The first sentence of this article is:

The soaring popularity of a fat-rich fad diet has depleted stocks of butter in Norway creating a looming Christmas culinary crisis.

Except it’s not a fad diet. It’s not going to go away, I predict. I eat lots of butter because I discovered it made my brain work better than a similar amount of pork fat. Pork fat made me sleep better. Desire for better sleep and a better-working brain are not desires that come and go. I haven’t even mentioned the conventional benefits (e.g., weight loss). The article continues:

Norwegians have eaten up the country’s entire stockpile of butter, partly as the result of a “low-carb” diet sweeping the Nordic nation which emphasizes a higher intake of fats.
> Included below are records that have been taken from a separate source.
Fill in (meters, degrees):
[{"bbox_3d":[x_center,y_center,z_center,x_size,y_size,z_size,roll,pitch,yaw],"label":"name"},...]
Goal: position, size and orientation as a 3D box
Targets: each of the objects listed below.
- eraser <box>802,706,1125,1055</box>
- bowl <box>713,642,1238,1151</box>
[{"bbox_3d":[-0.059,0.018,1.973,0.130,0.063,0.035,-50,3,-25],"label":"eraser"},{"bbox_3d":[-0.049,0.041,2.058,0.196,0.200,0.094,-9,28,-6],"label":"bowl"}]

“Sales all of a sudden just soared, 20 percent in October then 30 percent in November,” said Lars Galtung, the head of communications at TINE, the country’s biggest farmer-owned cooperative. . . .
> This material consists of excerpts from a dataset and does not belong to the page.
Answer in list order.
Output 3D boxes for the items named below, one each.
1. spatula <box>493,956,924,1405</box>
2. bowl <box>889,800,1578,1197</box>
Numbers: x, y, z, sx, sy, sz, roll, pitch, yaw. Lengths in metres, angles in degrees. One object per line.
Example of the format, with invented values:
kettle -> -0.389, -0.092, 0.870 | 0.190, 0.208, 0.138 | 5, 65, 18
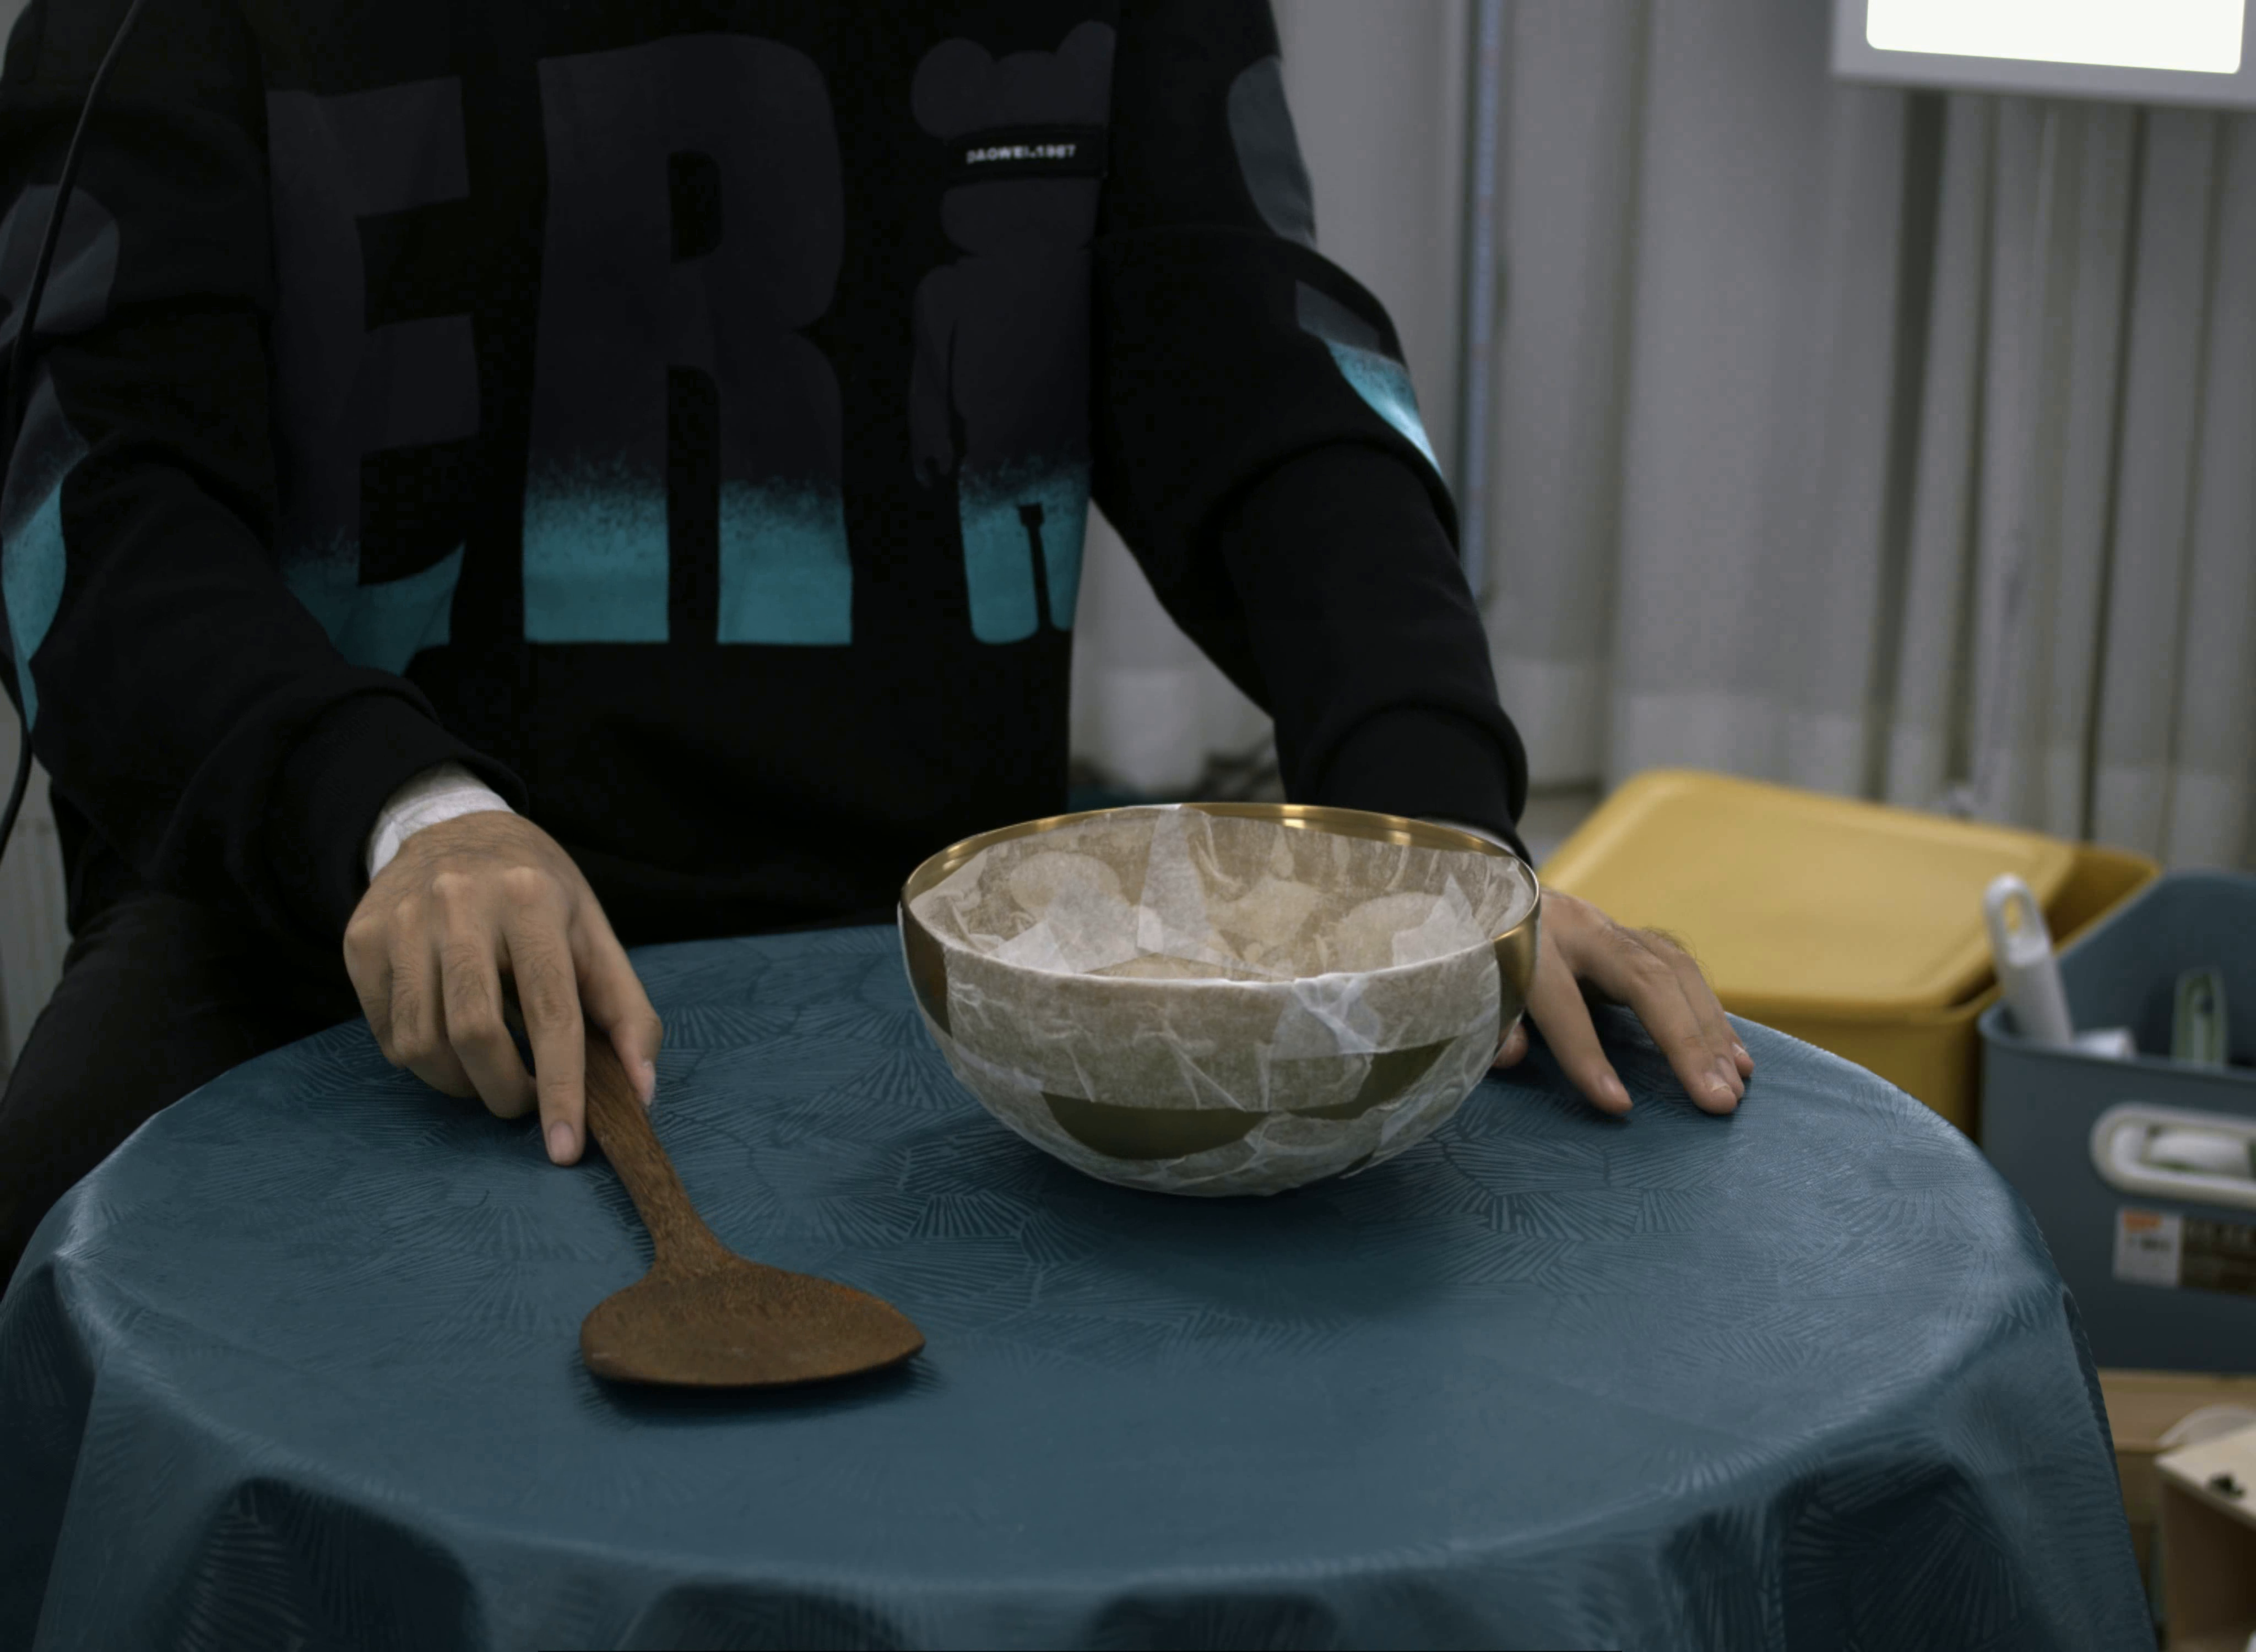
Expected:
spatula -> -0.150, 0.101, 1.618 | 0.096, 0.016, 0.382 | -4, 19, -16
bowl -> 0.032, 0.061, 1.641 | 0.214, 0.095, 0.213 | -1, 14, 1

Butter is now selling on Norway’s top auction website, with a 250-gram piece starting at around $13 (8.28 pounds), roughly four times its normal price.

At the Beijing store closest to me that sells butter, I seem to buy more butter than all other customers combined. Chairman Mao noticed the value of pork fat. What happens when the Chinese realize the value of butter?

Thanks to Dave Lull.

22 Responses to “Worldwide Butter Shortage?”

  1. Q Says:

    Fwiw, I restarted sld a month or so ago with butter. Appetite suppression is very very good. Butter is available a lot of places – I can get it at he work cafeteria for free – I get three pats and eat them with nose plugged in the bathroom. Taste is gone in 2 minutes. Little or no stomach nausea.

    Have not been weighing myself but hunger is down a lot, which for me is the main reason for doing sld. Attention and time management.

    My other experience is that butter gives me an energy high similar to coffee, but more at the 2-3 tbsp level. Not as pleasant as coffee, a little weird feeling.

  2. JohnF Says:

    I think you’re making too big a deal about Norway’s butter shortage. The market for dairy there is very messed up with virtually a central planner by virtue of a state granted monopoly and very, very high tariffs*. Essentially it’s Norwegian law that the vast majority of food has to produced inside the country and almost everything imported is taxed to the point where it’s economically unfeasable to import.

    Due to their crappy system they’re left without any mechanisms to adapt decently quickly to any increased demand for things like butter.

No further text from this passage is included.